Increase the Number of Students: We can increase the number of students we admit each year without building new buildings, and increase the quality of learning all students receive as well. The key to growing our student body size, and increasing quality, is blended learning. Blended learning will allow us to better utilize our precious classroom and lab space, while simultaneously investing in course design and delivery. Blended learning will allow greater flexibility in class times, allowing current non-consumers to matriculate. Admitting more students, while holding down spending per pupil by increasing the utilization of high fixed costs investments (such as buildings), is the key to improved educational productivity (and lower tuition costs).
Improve Retention: The analytics revolution is upon us. We are at the point where we can, and should, be measuring, modeling and predicting student success based on data feeds from campus learning and student information systems.

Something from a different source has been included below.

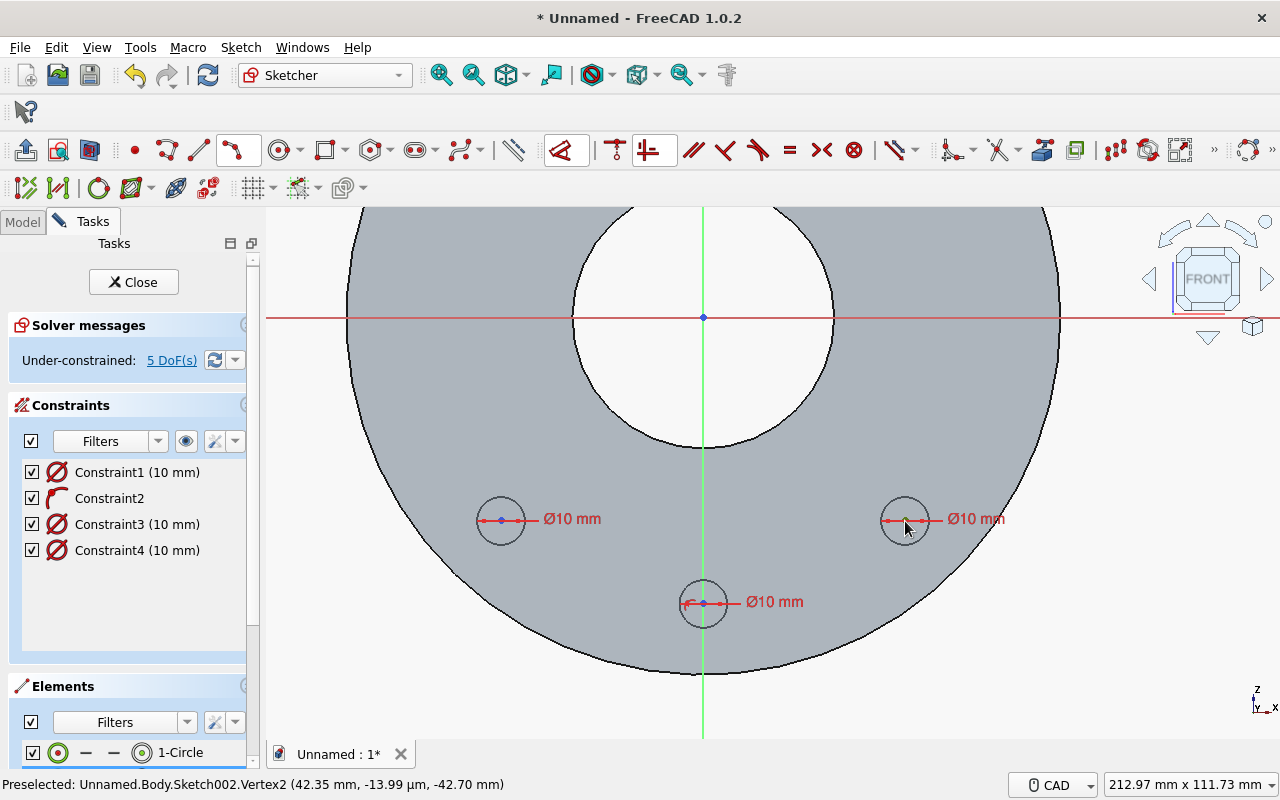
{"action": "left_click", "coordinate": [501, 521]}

At-risk students can be identified early, and the efficacy of targeted interventions tracked.
Increase Applicants: Contributing to the open learning movement is more than just the right thing to do. Sharing the teaching and learning produced on campus with lifelong learners, and potential applicants, is simply good business sense. We do not need a top football or basketball team to attract national attention. Stanford is offering a free online course this fall on artificial intelligence, and so far over 120,000 people have signed up (not to mention all the amazing press coverage). Why can't every university follow this model?
Increase Alumni Giving: I have a theory that alumni giving will be directly proportional to the degree to which graduates can be integrated back into the campus experience. Courses built for blended learning have the advantage of being accessible from anywhere. What alumni would not want to have access to the course materials (lectures, readings etc.) and professors from their favorite courses? How many opportunities do we have to create mini-courses for alumni, also delivered in a blended format?
Grow Exports: The U.S. has the world's best system of higher ed. The rest of the world is massively under-served by postsecondary education. We can export our courses and degrees to highly motivated international students. Again, blended learning could allow much of this exported coursework to take place in the international students' home countries. They could come to the home campus for shorter time periods, and do much of the other work online.
The executive and academic leadership of every university should be asking the technology leader to submit detailed plans for increasing revenues, decreasing costs and improving quality. Campus technology leaders need to have a seat at the strategic table.
What would you add to this list?
When will it be common for the next university president to be recruited from a CIO position?